The judge, a Democrat, said border patrol agents apprehended more than 149,000 immigrants in the Del Rio area alone during this exercise, the second after the Rio Grande Valley, according to federal statistics. Hundreds more escape detection by crossing further from major entry points, often crossing private land, scaring landowners unaccustomed to such levels of migration, Owens said.

As part of Abbott’s border initiative, dubbed Operation Lone Star, the governor sent about 1,000 officers from the Texas Department of Public Safety – about a quarter of the state’s police force – to the counties at or near the border. After declaring that the increase in illegal immigration was catastrophic in May, the governor warned in June that his police force would begin making arrests on state charge and ordered the prison system to open a space for imprisoned immigrants.

But Abbott’s initiative to convert Briscoe prison to prison proved controversial. After moving all state prisoners out of the unit in June, nearly 150 prison guards were left to watch an empty unit for more than a month as authorities scrambled to determine what changes were needed to house immigrant inmates. Meanwhile, the rest of the prison system remained dangerously understaffed. The prison was also linked to Abbott’s border security initiative shortly after he and other heads of state decided to siphon off $ 250 million – at least temporarily – from the prison department to go rather towards the construction of a border wall.

It is still unclear whether Briscoe Prison now meets the minimum standards for a Texas prison, which often does not match the way state prisons are run because they house different populations. While Texas prisons house people convicted of state crimes, Texas prisons primarily hold people accused but not convicted of crimes, including minor offenses.
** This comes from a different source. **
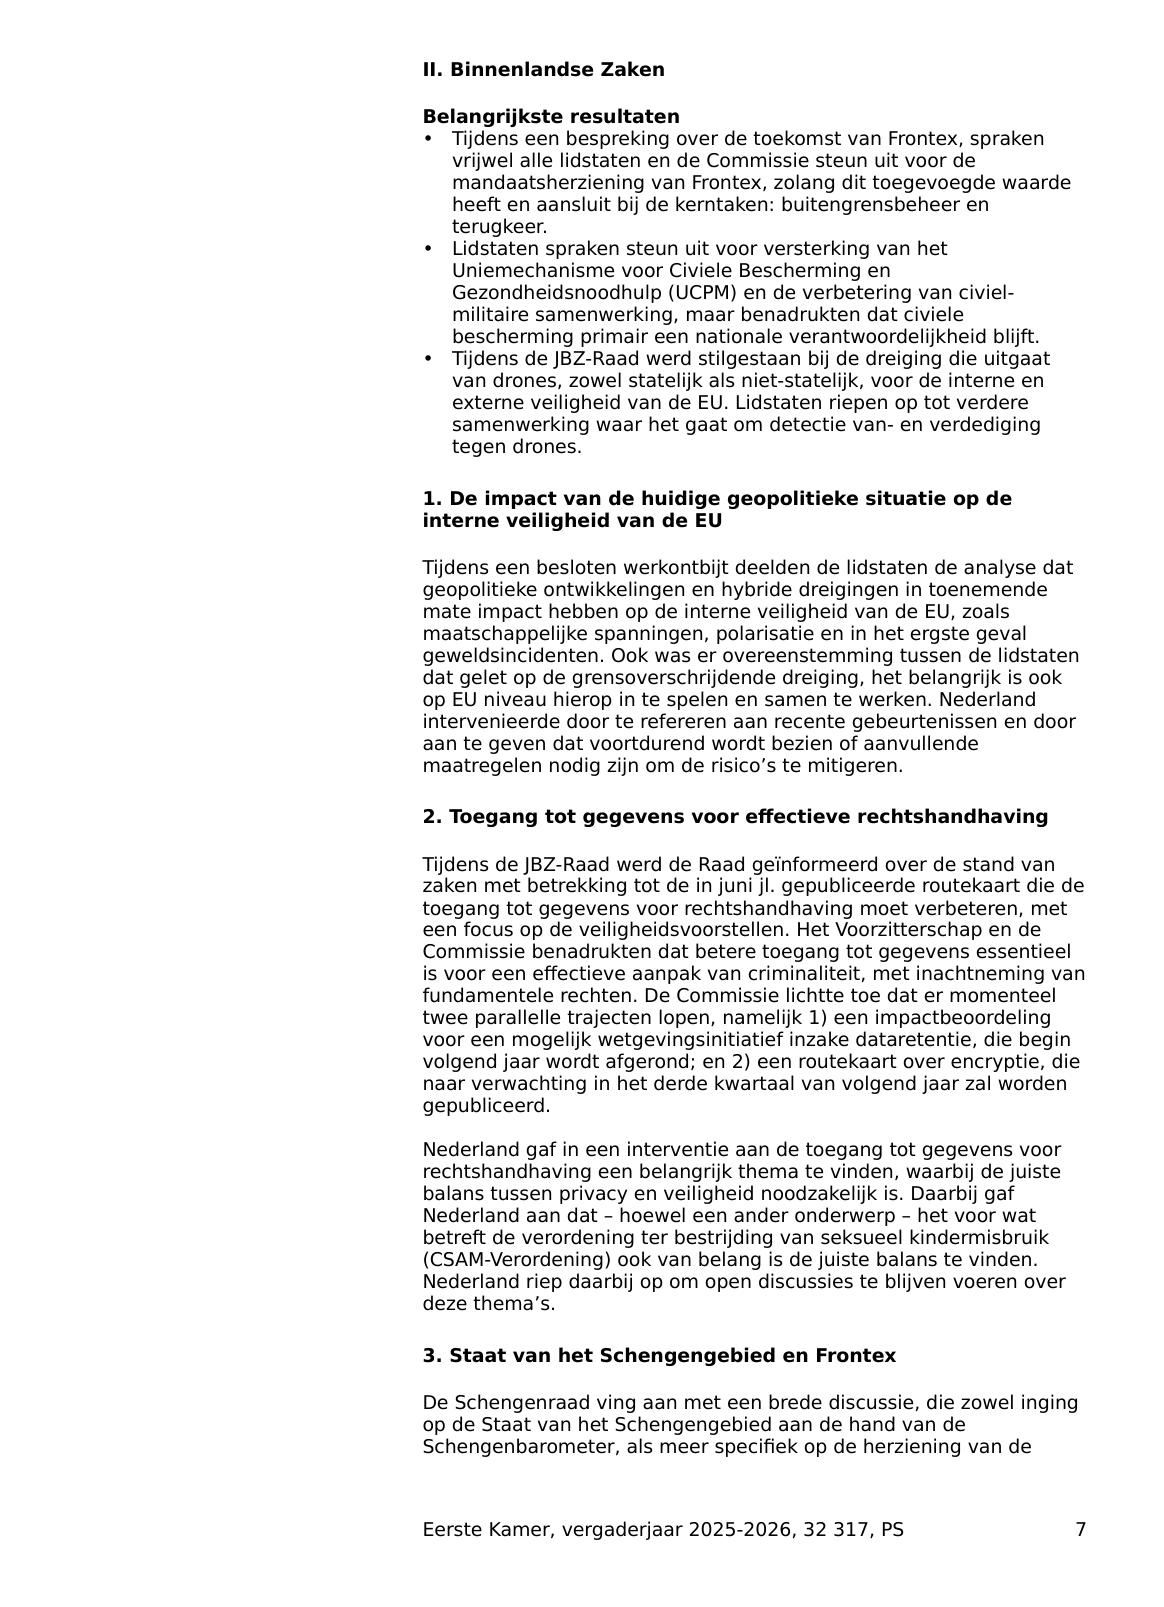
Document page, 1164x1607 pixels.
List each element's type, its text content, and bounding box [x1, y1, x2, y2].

In a statement on Wednesday, TDCJ officials said the agency was working with the Texas Commission on Jail Standards and the Texas Commission on Law Enforcement to convert the prison into a suitable prison. For example, prison officers were temporarily allowed as jailers, additional medical staff and guards were added, and the unit installed temporary air conditioning in living areas.

Texas County jails need to be cooled to 85 degrees or less, while most Texas jails – including Briscoe – noticeably lack air conditioning in living areas. TDCJ spokesman Robert Hurst said air conditioning is now sent into the building through ducts and powered by portable generators.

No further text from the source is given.